Story detection identifies and describes groups of related documents (= stories) from digital content streams. webLyzard extracts a rich set of metadata for each story identified, including the origin of the story in terms of publication time and author, its impact on the public debate, the temporal distribution of related publications, and the best keywords to summarize the story’s content.
The results are shown as an interactive Story Graph together with a list of top stories – each including a headline with the keywords and size of the cluster, a characteristic lead article, and a list of related documents. A short video tutorial shows how the Story Graph and other visual tools of the InVID project have been integrated into webLyzard’s visual analytics dashboard (see below for a summary of interactive graph features).
Clustering Digital Content Streams
The story detection component builds on highly scalable methods to cluster documents in real time, across multiple content sources and languages (English, French, German and Spanish). The methods are robust vis-à-vis noisy data (e.g. user postings from social media platforms, or results from speech-to-text conversion) and produce high-quality results even when applied to documents of very different structure and length. Three keywords per cluster serve as a label to describe its contents.

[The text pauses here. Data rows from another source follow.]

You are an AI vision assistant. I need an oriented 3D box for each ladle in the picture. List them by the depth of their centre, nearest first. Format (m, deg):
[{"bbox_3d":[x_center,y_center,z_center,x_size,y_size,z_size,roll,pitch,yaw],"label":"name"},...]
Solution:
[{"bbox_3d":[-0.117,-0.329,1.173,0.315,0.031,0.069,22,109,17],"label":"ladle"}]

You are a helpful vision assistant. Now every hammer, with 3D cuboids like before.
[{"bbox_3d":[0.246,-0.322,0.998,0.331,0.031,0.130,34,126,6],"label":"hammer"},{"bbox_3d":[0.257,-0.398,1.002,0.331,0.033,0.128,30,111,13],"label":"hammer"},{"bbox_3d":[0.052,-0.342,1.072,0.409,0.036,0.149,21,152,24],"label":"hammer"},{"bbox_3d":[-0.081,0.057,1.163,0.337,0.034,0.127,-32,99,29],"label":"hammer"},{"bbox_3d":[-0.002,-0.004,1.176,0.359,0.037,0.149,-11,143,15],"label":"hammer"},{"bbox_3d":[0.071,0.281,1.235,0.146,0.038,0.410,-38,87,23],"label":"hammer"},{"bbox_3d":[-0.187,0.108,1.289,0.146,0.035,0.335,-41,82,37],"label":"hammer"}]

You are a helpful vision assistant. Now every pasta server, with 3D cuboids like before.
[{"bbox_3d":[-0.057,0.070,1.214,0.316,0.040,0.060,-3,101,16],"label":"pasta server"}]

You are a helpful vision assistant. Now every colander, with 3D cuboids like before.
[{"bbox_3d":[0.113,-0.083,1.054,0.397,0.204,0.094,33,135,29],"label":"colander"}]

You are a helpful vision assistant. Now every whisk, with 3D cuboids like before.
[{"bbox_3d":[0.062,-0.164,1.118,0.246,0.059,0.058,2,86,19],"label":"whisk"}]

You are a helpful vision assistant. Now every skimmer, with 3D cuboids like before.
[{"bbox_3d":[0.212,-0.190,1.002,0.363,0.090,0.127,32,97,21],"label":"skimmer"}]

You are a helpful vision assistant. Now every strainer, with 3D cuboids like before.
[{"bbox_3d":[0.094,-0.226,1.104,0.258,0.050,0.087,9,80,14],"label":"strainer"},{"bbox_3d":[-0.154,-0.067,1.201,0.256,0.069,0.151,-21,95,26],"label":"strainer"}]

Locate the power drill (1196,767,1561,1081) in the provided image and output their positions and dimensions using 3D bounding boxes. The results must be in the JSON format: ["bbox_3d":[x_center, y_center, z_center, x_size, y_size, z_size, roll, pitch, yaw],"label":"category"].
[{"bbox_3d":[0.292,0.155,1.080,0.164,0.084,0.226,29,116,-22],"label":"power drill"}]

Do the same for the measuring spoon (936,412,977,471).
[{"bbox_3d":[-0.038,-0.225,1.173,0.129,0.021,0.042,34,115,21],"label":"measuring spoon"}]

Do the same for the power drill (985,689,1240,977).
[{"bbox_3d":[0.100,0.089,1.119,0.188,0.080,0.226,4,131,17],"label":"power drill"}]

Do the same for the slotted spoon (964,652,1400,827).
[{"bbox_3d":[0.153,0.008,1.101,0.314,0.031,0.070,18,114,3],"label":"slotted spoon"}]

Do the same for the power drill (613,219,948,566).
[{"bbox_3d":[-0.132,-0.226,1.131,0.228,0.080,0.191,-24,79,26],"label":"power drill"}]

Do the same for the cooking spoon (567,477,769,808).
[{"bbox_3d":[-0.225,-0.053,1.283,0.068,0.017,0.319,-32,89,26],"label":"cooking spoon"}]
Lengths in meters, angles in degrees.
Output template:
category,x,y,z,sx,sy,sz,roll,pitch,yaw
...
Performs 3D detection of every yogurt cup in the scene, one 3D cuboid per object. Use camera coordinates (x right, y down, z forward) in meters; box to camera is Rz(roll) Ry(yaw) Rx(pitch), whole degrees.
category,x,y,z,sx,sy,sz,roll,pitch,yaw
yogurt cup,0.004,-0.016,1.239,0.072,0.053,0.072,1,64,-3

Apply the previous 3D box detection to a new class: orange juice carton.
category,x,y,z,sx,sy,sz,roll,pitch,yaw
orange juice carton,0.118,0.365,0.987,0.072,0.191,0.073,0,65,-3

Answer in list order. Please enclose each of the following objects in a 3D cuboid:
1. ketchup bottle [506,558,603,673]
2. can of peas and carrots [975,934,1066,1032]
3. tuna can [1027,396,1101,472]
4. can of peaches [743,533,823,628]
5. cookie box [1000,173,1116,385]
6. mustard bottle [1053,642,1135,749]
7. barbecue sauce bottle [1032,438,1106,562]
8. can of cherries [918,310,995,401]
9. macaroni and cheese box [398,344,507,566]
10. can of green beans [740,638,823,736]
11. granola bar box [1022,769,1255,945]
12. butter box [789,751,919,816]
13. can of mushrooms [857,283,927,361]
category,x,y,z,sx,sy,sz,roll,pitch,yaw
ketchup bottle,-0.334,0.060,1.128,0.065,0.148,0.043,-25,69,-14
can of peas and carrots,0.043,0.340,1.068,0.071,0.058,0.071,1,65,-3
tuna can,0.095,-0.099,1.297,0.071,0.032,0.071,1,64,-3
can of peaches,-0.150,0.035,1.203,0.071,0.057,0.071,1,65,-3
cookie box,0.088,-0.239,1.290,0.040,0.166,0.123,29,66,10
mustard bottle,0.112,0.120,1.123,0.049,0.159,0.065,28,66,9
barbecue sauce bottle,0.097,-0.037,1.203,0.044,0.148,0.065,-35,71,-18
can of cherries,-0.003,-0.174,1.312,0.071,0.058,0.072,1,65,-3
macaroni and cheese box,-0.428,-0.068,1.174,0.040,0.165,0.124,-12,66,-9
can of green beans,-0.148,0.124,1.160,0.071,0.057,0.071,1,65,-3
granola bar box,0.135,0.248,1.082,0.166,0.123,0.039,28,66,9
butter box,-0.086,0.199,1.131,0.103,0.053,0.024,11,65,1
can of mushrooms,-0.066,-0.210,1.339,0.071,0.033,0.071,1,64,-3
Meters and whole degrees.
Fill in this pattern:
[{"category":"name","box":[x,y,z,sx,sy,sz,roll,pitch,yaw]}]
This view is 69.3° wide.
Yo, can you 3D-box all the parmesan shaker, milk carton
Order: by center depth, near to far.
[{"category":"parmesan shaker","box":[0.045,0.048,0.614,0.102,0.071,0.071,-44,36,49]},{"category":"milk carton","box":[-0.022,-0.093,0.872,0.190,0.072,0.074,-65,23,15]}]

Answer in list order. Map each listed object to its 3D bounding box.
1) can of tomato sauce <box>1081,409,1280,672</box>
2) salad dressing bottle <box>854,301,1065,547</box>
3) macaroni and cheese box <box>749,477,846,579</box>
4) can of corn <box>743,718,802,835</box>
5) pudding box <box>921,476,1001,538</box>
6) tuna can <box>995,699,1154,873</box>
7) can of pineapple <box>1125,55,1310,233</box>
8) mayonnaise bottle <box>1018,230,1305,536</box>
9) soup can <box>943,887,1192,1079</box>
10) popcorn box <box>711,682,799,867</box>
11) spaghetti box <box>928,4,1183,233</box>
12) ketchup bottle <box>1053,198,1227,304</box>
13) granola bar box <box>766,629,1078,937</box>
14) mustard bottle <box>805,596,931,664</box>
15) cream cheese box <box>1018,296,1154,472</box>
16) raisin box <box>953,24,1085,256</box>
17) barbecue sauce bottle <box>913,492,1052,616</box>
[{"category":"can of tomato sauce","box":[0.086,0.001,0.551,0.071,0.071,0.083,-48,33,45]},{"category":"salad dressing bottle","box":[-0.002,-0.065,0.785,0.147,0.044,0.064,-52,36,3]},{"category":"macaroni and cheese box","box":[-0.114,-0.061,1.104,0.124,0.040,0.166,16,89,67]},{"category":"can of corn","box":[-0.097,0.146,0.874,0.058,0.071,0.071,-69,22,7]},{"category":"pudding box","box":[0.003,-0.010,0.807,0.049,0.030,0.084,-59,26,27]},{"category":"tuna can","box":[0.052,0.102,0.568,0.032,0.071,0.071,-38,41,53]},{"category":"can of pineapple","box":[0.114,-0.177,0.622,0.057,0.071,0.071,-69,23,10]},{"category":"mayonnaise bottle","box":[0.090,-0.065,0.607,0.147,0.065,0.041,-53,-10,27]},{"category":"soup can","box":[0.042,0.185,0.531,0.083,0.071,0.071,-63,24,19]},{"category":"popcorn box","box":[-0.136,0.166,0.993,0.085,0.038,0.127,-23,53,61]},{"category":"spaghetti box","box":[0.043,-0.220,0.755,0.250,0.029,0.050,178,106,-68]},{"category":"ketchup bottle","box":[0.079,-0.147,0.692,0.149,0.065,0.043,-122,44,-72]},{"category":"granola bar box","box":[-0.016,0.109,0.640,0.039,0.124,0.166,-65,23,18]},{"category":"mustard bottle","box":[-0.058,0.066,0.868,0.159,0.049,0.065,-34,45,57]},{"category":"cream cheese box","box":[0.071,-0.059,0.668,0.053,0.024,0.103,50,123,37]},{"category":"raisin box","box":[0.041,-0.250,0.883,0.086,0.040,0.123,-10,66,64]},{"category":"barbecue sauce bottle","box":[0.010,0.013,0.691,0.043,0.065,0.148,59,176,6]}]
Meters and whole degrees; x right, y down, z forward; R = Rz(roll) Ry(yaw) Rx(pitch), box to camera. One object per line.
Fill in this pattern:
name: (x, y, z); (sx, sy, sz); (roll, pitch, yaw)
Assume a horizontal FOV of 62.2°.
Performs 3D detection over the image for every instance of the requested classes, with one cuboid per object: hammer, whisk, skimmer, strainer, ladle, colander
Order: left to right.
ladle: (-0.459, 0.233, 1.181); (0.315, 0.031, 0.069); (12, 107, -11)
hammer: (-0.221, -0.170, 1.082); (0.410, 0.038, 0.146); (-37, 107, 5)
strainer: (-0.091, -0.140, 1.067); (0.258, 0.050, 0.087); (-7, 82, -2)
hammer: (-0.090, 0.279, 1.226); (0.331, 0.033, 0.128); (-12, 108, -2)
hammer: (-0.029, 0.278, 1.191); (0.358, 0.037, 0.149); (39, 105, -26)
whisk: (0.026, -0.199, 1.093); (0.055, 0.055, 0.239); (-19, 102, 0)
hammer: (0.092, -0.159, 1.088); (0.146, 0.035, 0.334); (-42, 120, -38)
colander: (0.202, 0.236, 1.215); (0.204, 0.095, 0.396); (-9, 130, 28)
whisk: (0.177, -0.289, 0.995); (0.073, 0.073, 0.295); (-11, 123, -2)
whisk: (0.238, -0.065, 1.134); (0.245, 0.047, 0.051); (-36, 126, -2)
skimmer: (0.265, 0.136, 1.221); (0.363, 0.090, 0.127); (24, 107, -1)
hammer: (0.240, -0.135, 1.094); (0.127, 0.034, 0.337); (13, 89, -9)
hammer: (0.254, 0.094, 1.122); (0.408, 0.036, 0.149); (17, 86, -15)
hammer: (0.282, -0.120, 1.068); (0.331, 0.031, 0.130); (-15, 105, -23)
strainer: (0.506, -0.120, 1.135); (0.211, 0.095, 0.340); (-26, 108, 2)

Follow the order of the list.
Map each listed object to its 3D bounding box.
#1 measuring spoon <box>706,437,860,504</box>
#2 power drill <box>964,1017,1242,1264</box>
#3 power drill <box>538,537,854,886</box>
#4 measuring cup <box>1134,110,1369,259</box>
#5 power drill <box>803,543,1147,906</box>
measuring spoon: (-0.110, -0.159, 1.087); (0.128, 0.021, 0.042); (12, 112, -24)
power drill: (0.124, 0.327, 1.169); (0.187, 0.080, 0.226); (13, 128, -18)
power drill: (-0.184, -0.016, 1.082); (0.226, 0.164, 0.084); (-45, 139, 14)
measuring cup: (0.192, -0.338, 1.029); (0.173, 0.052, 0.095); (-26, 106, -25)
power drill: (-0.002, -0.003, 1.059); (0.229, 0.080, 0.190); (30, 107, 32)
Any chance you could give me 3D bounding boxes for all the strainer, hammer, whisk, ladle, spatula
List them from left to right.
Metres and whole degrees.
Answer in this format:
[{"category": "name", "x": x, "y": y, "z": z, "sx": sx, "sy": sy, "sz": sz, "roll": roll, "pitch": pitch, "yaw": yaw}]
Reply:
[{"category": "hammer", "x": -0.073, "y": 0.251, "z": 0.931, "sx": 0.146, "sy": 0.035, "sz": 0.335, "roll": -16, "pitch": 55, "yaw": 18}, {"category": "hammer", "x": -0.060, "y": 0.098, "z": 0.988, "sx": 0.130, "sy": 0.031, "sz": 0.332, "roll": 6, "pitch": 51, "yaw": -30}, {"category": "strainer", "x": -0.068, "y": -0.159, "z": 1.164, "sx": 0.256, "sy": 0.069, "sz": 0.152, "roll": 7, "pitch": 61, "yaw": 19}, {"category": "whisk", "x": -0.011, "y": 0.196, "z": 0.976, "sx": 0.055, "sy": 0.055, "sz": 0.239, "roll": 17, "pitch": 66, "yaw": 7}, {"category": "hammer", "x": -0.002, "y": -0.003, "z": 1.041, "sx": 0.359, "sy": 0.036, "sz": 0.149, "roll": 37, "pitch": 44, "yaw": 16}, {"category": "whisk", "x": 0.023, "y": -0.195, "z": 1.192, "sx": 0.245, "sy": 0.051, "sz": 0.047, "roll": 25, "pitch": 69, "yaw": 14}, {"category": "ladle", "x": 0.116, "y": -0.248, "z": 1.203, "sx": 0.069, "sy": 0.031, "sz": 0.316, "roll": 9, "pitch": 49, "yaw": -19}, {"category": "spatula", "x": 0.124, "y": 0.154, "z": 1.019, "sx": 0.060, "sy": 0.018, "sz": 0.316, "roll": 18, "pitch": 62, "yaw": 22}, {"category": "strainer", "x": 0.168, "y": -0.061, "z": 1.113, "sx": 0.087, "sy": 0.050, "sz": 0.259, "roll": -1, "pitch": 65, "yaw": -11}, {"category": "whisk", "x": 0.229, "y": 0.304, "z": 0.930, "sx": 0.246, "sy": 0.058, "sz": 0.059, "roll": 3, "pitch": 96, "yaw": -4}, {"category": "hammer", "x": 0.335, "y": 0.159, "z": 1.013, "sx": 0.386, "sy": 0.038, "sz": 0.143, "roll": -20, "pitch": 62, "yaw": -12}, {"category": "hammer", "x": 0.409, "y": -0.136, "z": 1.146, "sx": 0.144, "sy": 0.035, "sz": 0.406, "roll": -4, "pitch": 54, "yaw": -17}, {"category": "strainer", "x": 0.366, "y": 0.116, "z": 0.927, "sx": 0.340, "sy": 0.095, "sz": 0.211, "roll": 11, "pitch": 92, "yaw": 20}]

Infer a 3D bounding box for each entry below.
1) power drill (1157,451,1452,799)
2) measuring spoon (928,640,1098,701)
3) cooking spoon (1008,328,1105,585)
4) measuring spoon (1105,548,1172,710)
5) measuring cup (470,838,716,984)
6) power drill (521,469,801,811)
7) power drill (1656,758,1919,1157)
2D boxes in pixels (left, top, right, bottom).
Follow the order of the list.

- Tooltips shown when hovering individual stories indicate their duration, the number of documents that belong to a particular story, and the associated keywords. A synchronization mechanism automatically highlights the corresponding story in the Story View as well. On click, users can use the tooltip to either focus on this particular story, or to exclude its content from the query.
- Labels can be deactivated via the settings icon in the upper right corner, which also provides other graph rendering options including the underlying metric (document count vs. weight) and methods to stack (silhouette, expand, zero, wiggle) and sort (default, inside-out, reverse) the stories.
- Clicking on the title or snippet of an article activates its full-text view.
- Clicking on the name of the source opens a separate window with the original article or posting.
- The play button selects the video to be displayed in the upper right corner.
- The number of articles in the grey headline triggers a search for those articles, while the arrow down expands the list of shown articles.
Officially launched with release 2018-12 (Queensland Lizard) and developed in collaboration with MODUL Technology as part of the InVID Horizon 2020 Project.